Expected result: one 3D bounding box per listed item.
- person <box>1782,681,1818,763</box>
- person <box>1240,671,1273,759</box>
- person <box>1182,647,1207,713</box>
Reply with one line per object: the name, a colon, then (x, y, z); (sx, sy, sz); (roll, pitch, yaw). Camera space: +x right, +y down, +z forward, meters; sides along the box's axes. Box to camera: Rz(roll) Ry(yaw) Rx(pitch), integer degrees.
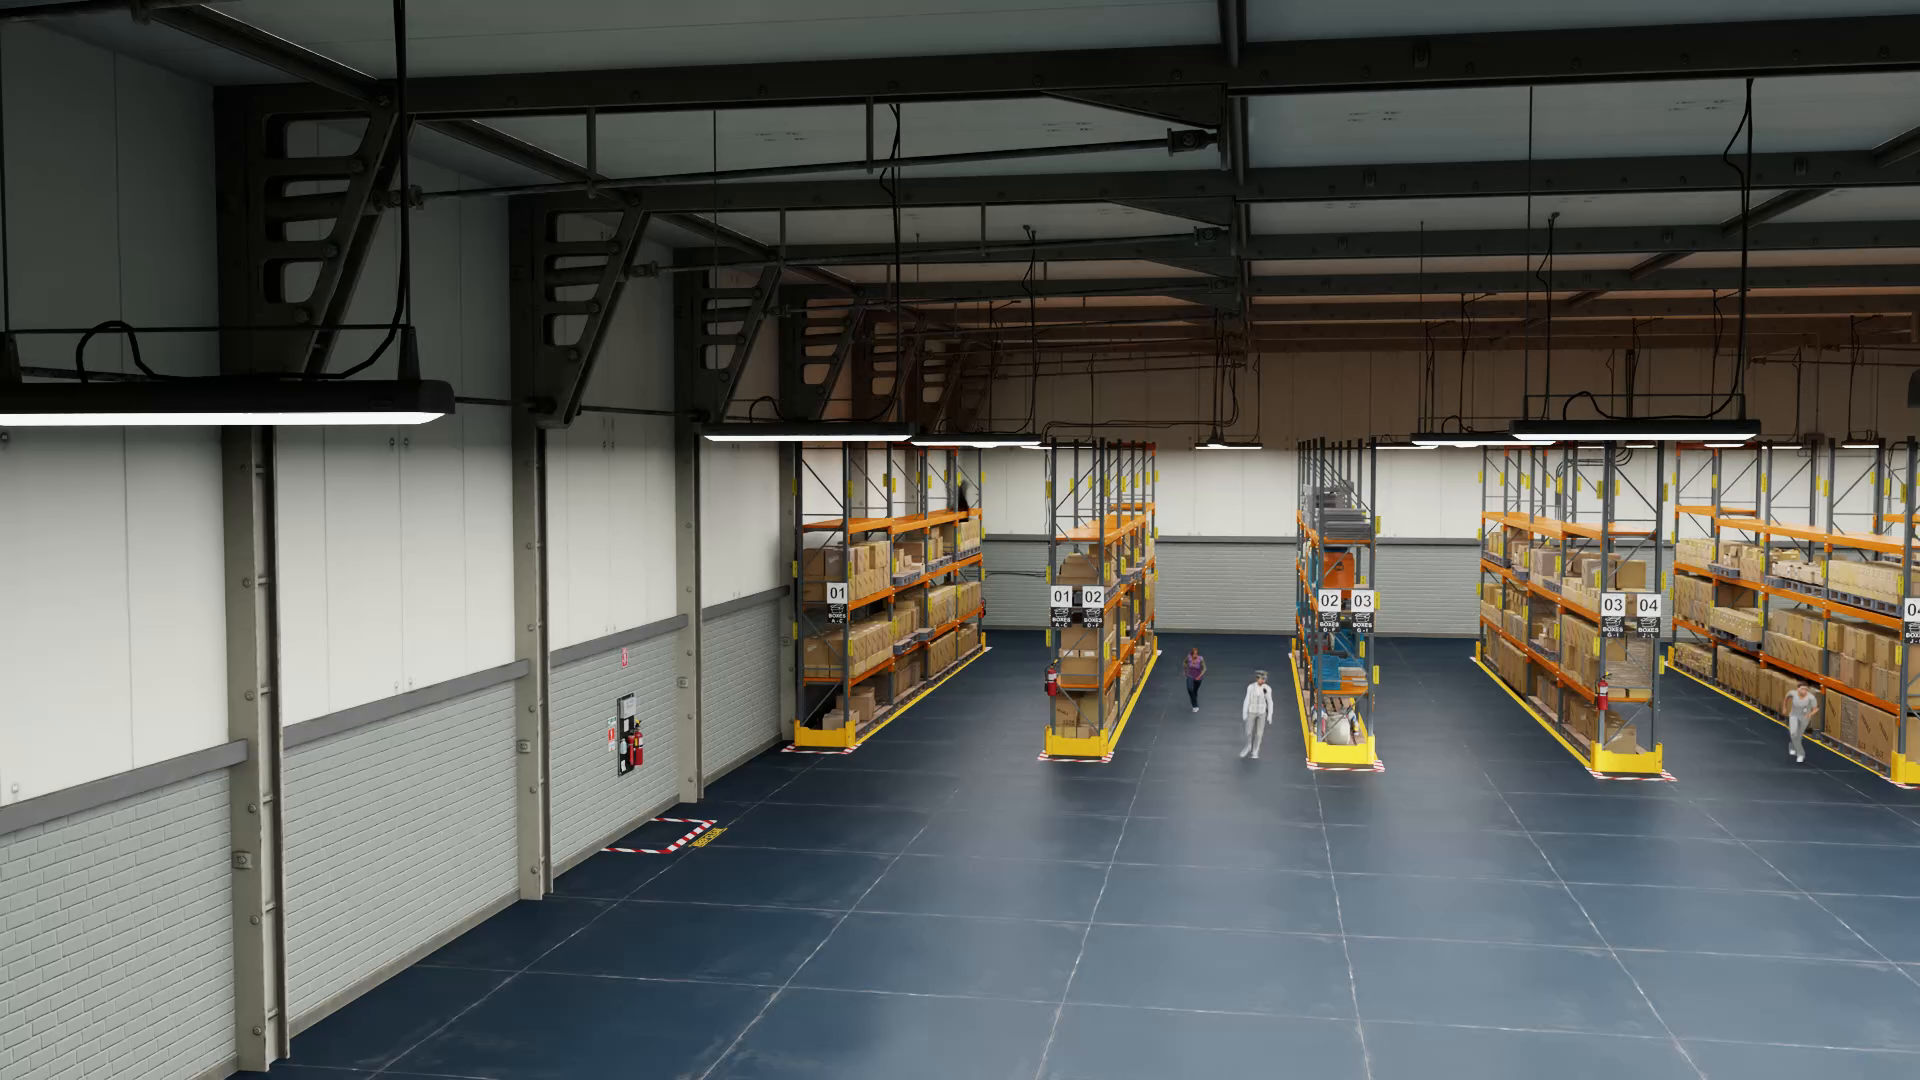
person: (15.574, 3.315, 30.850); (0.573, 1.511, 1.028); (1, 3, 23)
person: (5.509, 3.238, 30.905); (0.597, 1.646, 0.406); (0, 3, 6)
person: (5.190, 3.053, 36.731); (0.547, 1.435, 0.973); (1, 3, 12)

==

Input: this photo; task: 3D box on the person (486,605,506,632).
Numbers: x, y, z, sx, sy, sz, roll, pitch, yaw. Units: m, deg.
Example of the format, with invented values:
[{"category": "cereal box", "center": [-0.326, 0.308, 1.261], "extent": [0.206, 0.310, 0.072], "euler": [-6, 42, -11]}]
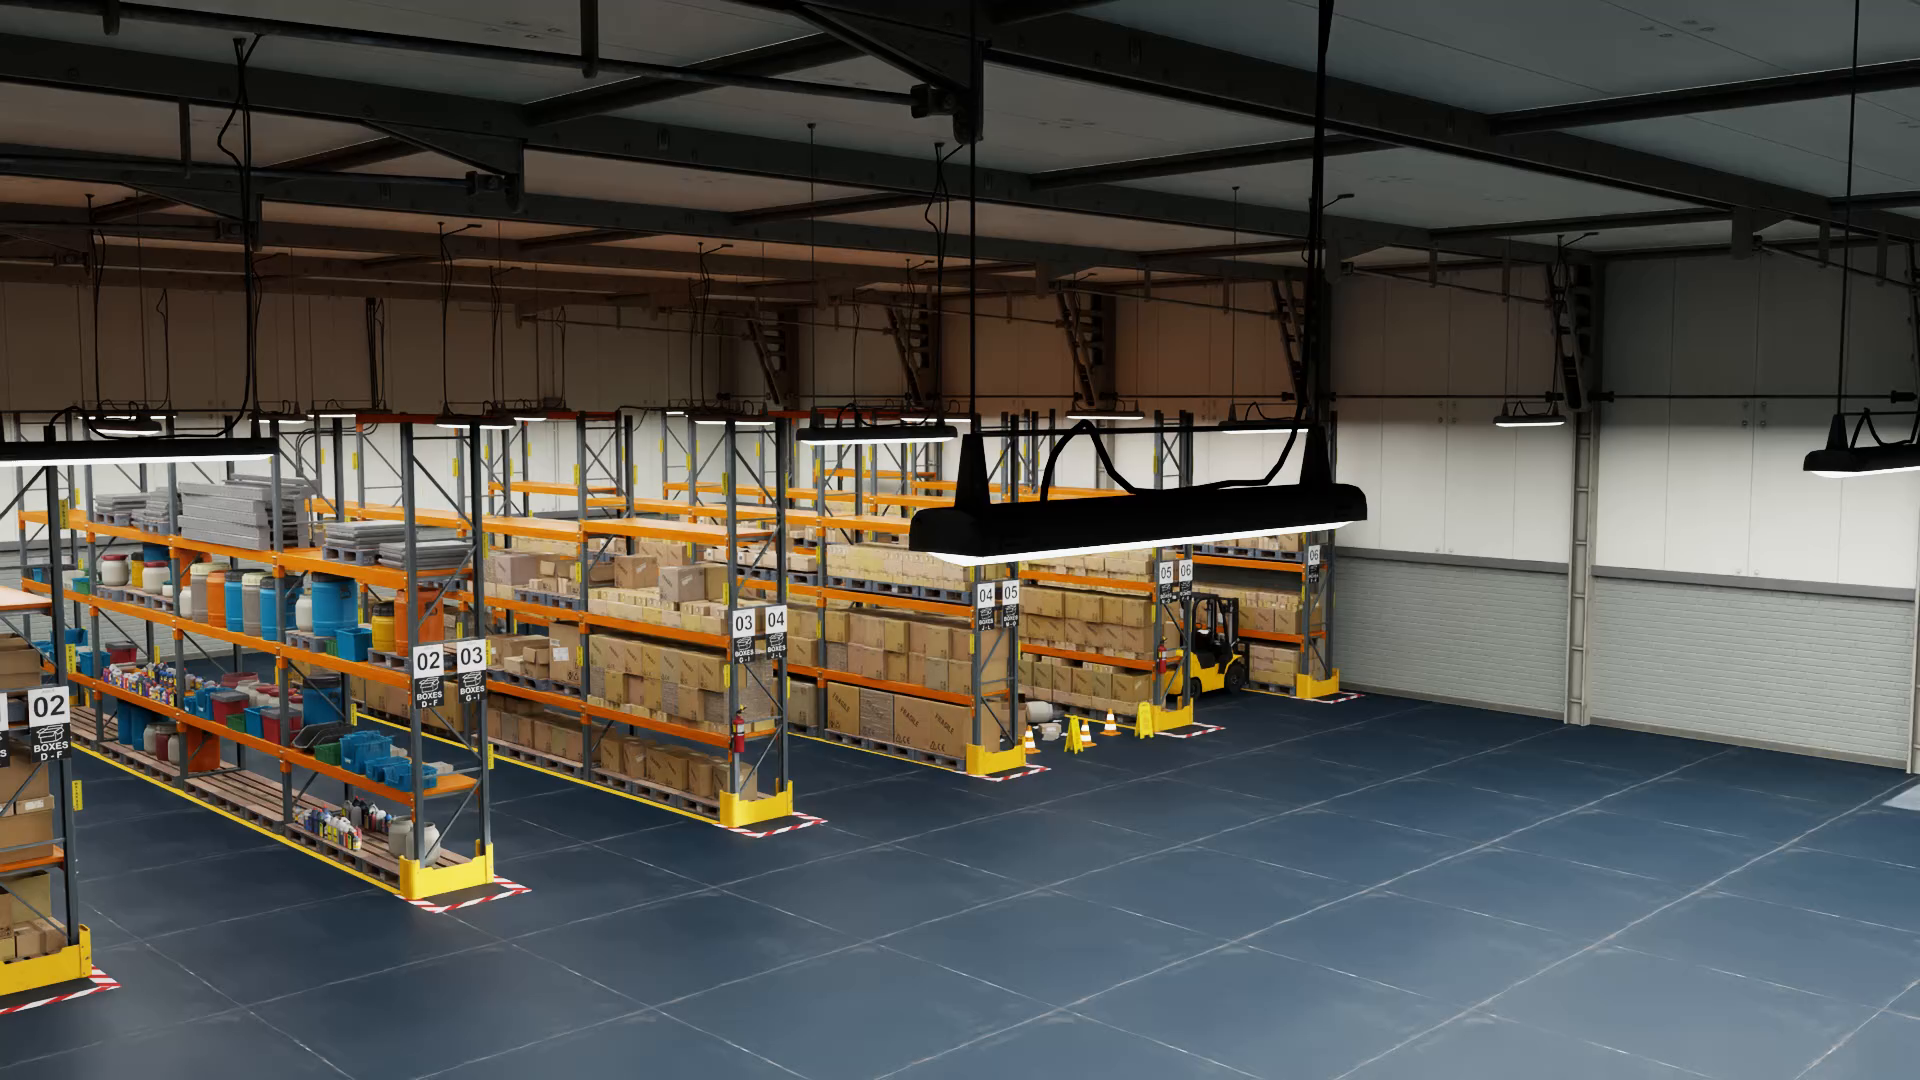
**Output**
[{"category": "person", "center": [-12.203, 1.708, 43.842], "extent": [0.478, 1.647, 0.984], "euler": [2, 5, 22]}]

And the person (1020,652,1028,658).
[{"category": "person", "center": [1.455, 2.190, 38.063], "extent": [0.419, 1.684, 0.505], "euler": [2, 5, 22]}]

» What the task asks: Copy, exactly and only, the lines above that begin with the one containing "- person <box>1240,671,1273,759</box>" and finish with the one containing "- person <box>1182,647,1207,713</box>".

» Solution to this task:
- person <box>1240,671,1273,759</box>
- person <box>1182,647,1207,713</box>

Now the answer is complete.